Since this world is filled with real players and not NPCs, there is no guarantee that they will act in a predictable or even a moral manner, and this is where the social experiment comes in to play. Your mother may not have the skills or instincts to keep you alive long enough for you to take care of yourself. Or she may very plainly tell you “Sry, no bbs” and carry you into the woods to die of starvation alone. And when YOU are older and have a baby of your own you will have to make that same choice. Will I sacrifice the next five minutes feeding this child, even though it lowers my own hunger meter? Will I be able to balance watering the crops with checking on a crying baby every twenty seconds? You can’t carry a baby and an item at the same time, so suddenly you can’t get the water from the well to the fields. Will you abandon the child or care for it? Will you teach it how to farm or how to bake pies, or will you drop it off at the fire and hope some good-hearted surrogate will see them to adulthood?
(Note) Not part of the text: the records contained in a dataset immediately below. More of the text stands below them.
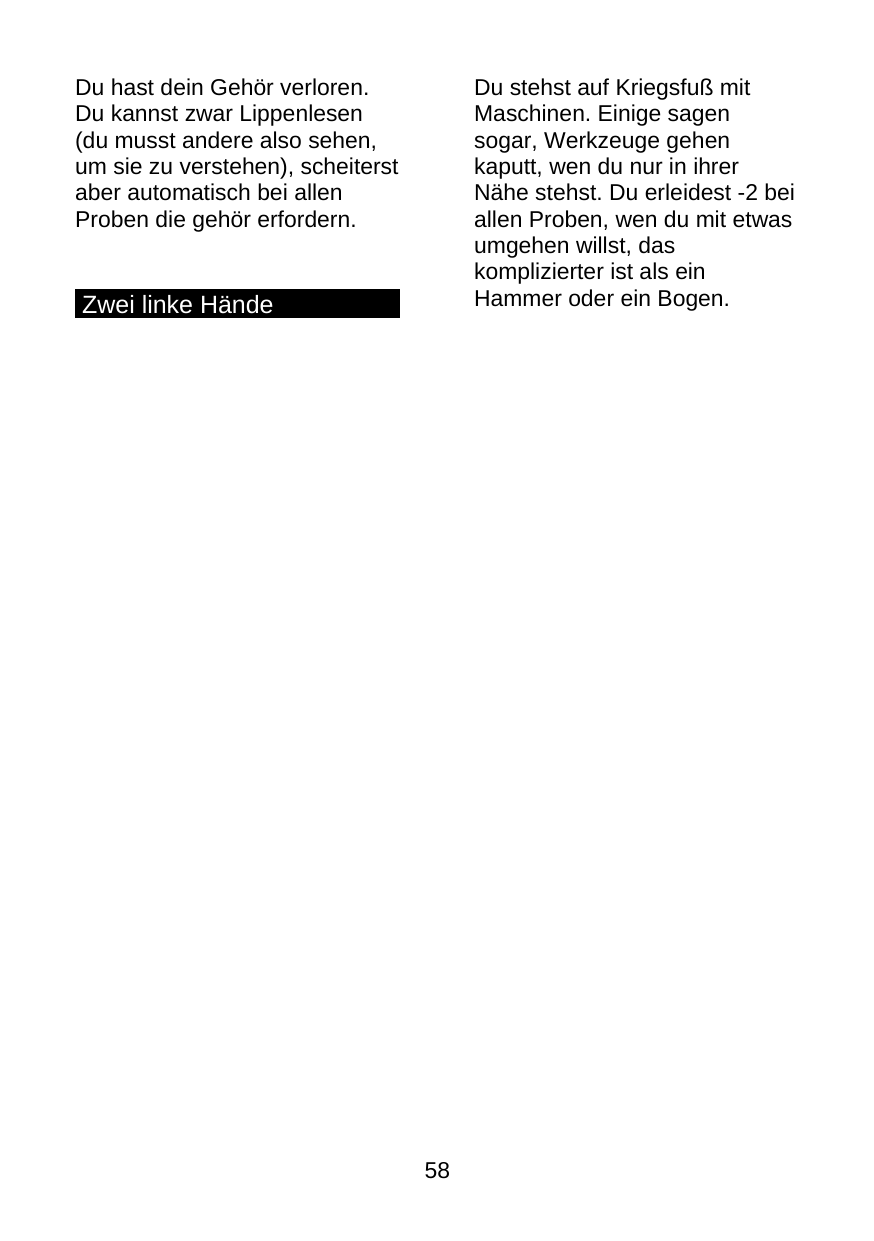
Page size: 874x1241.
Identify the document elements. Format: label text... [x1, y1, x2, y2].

text Du hast dein Gehör verloren. Du kannst zwar Lippenlesen (du musst andere also sehen, um sie zu verstehen), scheiterst aber automatisch bei allen Proben die gehör erfordern. [75, 74, 400, 232]
subtitle Zwei linke Hände [75, 289, 400, 318]
text Du stehst auf Kriegsfuß mit Maschinen. Einige sagen sogar, Werkzeuge gehen kaputt, wen du nur in ihrer Nähe stehst. Du erleidest -2 bei allen Proben, wen du mit etwas umgehen willst, das komplizierter ist als ein Hammer oder ein Bogen. [474, 74, 799, 311]
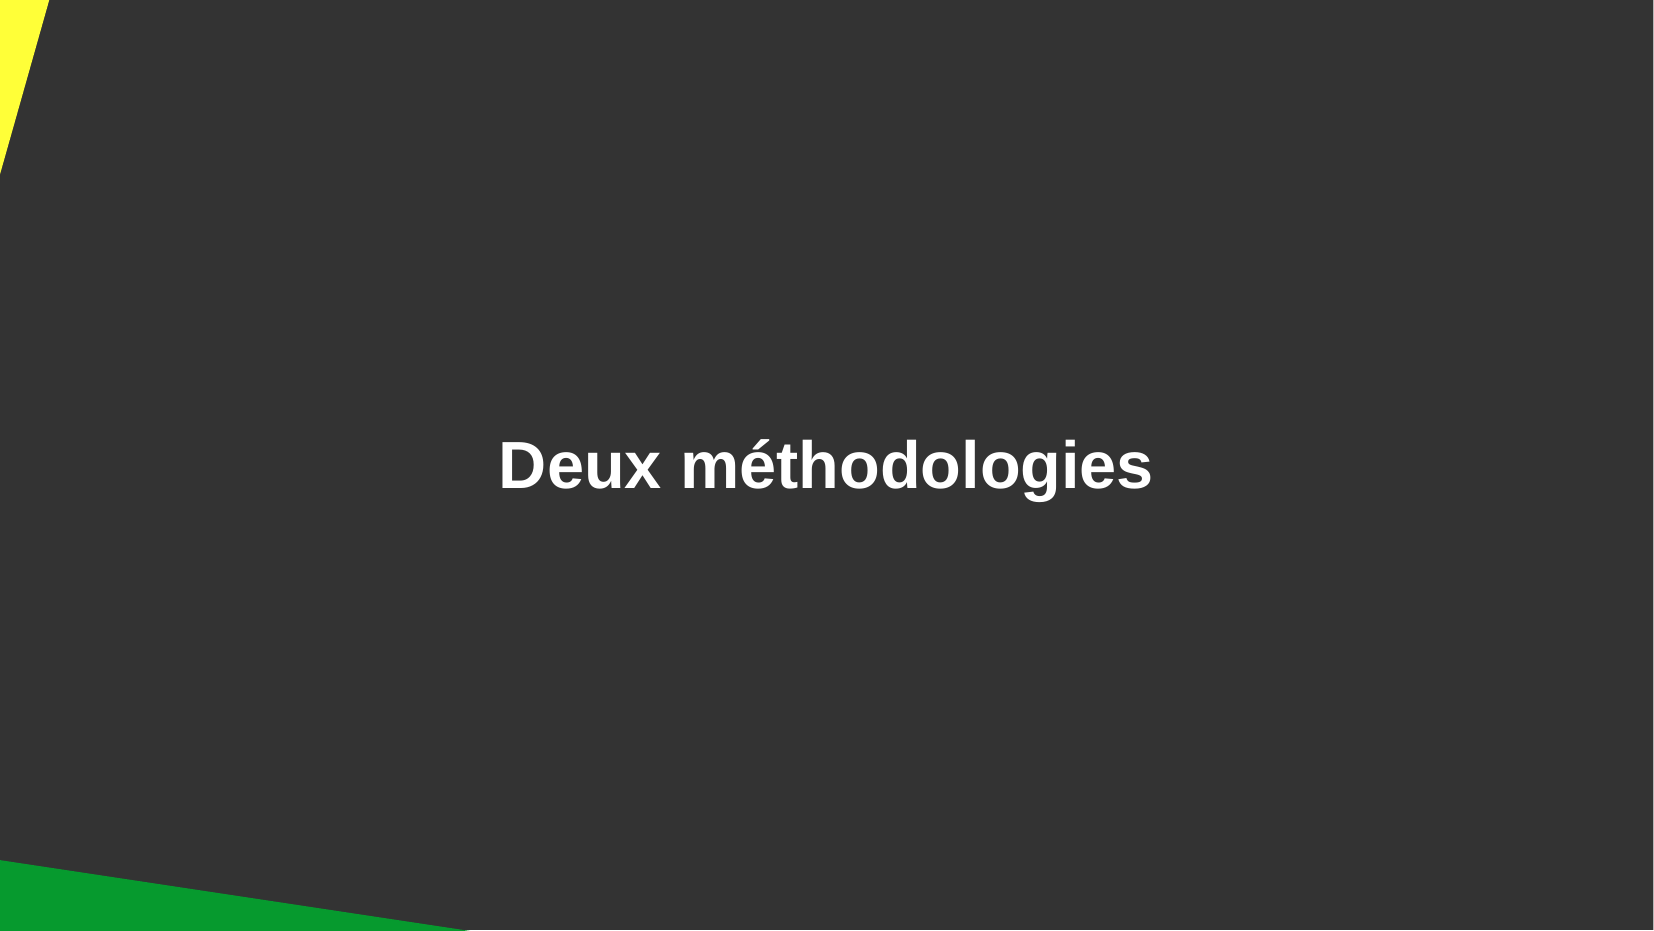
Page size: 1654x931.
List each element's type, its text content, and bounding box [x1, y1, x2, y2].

text_box [0, 0, 50, 175]
text_box [0, 860, 471, 931]
title Deux méthodologies [31, 367, 1622, 563]
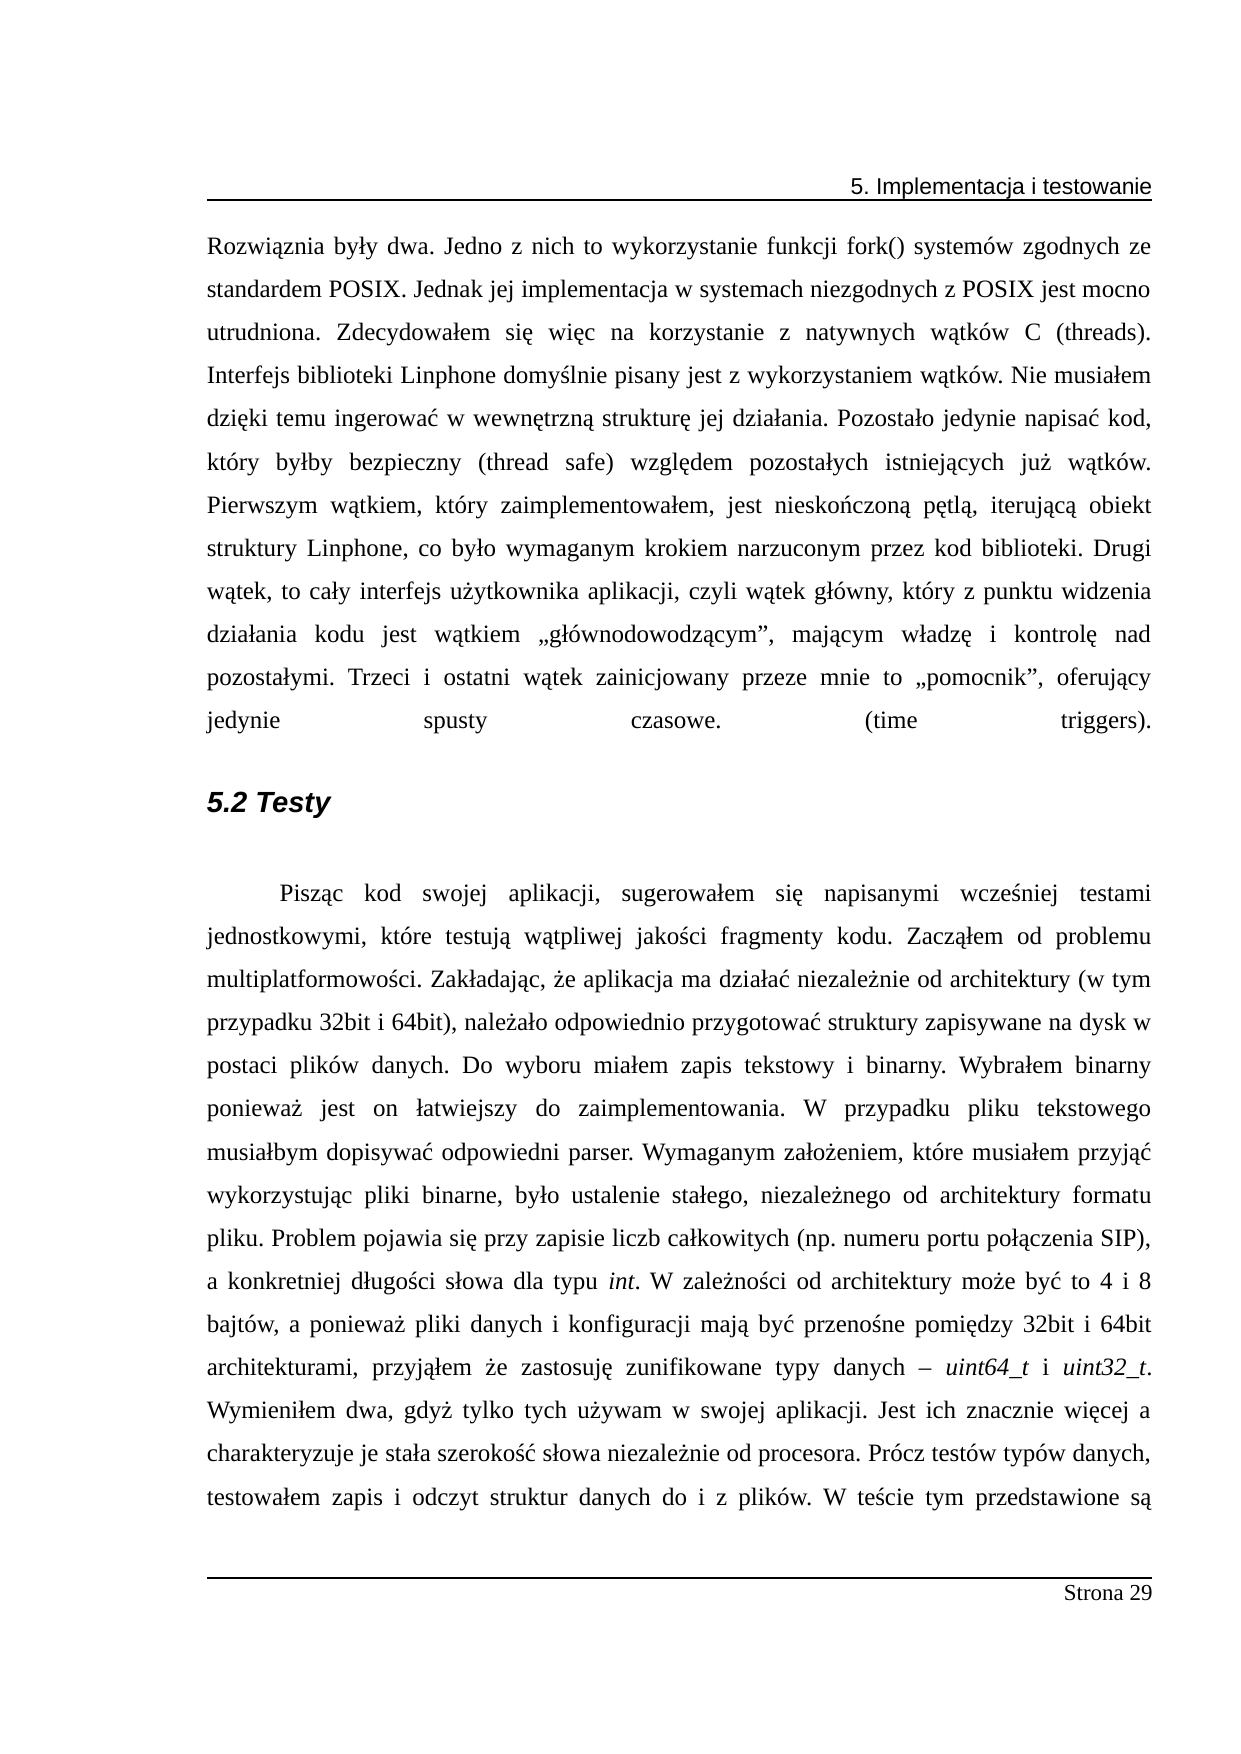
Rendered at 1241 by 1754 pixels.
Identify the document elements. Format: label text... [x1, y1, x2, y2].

subtitle 5.2 Testy [207, 785, 1152, 819]
text Rozwiąznia były dwa. Jedno z nich to wykorzystanie funkcji fork() systemów zgodnych ze standardem POSIX. Jednak jej implementacja w systemach niezgodnych z POSIX jest mocno utrudniona. Zdecydowałem się więc na korzystanie z natywnych wątków C (threads). Interfejs biblioteki Linphone domyślnie pisany jest z wykorzystaniem wątków. Nie musiałem dzięki temu ingerować w wewnętrzną strukturę jej działania. Pozostało jedynie napisać kod, który byłby bezpieczny (thread safe) względem pozostałych istniejących już wątków. Pierwszym wątkiem, który zaimplementowałem, jest nieskończoną pętlą, iterującą obiekt struktury Linphone, co było wymaganym krokiem narzuconym przez kod biblioteki. Drugi wątek, to cały interfejs użytkownika aplikacji, czyli wątek główny, który z punktu widzenia działania kodu jest wątkiem „głównodowodzącym”, mającym władzę i kontrolę nad pozostałymi. Trzeci i ostatni wątek zainicjowany przeze mnie to „pomocnik”, oferujący jedynie spusty czasowe. (time triggers). [207, 231, 1152, 734]
text Pisząc kod swojej aplikacji, sugerowałem się napisanymi wcześniej testami jednostkowymi, które testują wątpliwej jakości fragmenty kodu. Zacząłem od problemu multiplatformowości. Zakładając, że aplikacja ma działać niezależnie od architektury (w tym przypadku 32bit i 64bit), należało odpowiednio przygotować struktury zapisywane na dysk w postaci plików danych. Do wyboru miałem zapis tekstowy i binarny. Wybrałem binarny ponieważ jest on łatwiejszy do zaimplementowania. W przypadku pliku tekstowego musiałbym dopisywać odpowiedni parser. Wymaganym założeniem, które musiałem przyjąć wykorzystując pliki binarne, było ustalenie stałego, niezależnego od architektury formatu pliku. Problem pojawia się przy zapisie liczb całkowitych (np. numeru portu połączenia SIP), a konkretniej długości słowa dla typu int. W zależności od architektury może być to 4 i 8 bajtów, a ponieważ pliki danych i konfiguracji mają być przenośne pomiędzy 32bit i 64bit architekturami, przyjąłem że zastosuję zunifikowane typy danych – uint64_t i uint32_t. Wymieniłem dwa, gdyż tylko tych używam w swojej aplikacji. Jest ich znacznie więcej a charakteryzuje je stała szerokość słowa niezależnie od procesora. Prócz testów typów danych, testowałem zapis i odczyt struktur danych do i z plików. W teście tym przedstawione są [207, 878, 1152, 1510]

The potential for griefing in a game like this is immediately apparent, but what you will likely find instead is a small but growing community of helpful players that are both willing to groom newcomers and fill the roles the system has laid out for them. Roleplay is abundant, and the world is surprisingly immersive. The main website for One Hour One Life (which launched off-steam!) speaks about each player taking part in their own story, and I’ve found this to be very true. I recall one run where I was cared for by an exceptional mother that taught me how to craft everything I’d need to contribute to our tribe. She was there by my side as I grew into adulthood, and when she became old and ready to pass on she gathered me and my siblings around to say goodbye and bestow a gift to each of us. Then when her old bones fell to the ground we marched her north to a burial shrine to honor her.

Of course, not all playthroughs will be so smooth and immersive. My very first time playing I spawned to a mother that was running away from a grizzly bear. It immediately caught and ate me, hence the title of this review being Ten Seconds One Life. You will have many misfires, where you forget to eat or your mother forgets to feed you. The learning curve is huge, and perhaps the best advice I can give to new players is to Keep Playing. You’ll learn more and more as you go, and if you aren’t afraid to ask questions you’ll get taught just about every skill you need to survive and thrive.

As for the Carrot Queen and her golden crown, I was surprised to find such a cool item in the game. There are THOUSANDS of craftables in the game and many more planned to be added as civilization grows out of the iron age. Even more to my surprise was how I was able to bring that farm back to a working plantation with just myself and my offspring to work it. My firstborn daughter was a seasoned player that helped forage and build the things that I could not, and soon she had children of her own and every job on the farm was accounted for. When our stores were full of carrots and my 60th year was nearly upon me I gathered my family around the fire to say goodbye. I placed my crown on my littlest newborn granddaughter, named her, and declared her the new Carrot Queen. The family cheered and told me that they loved me, and I knew this story was complete as I passed away from old age after a full life well lived.

I immediately hit the Get Reborn button.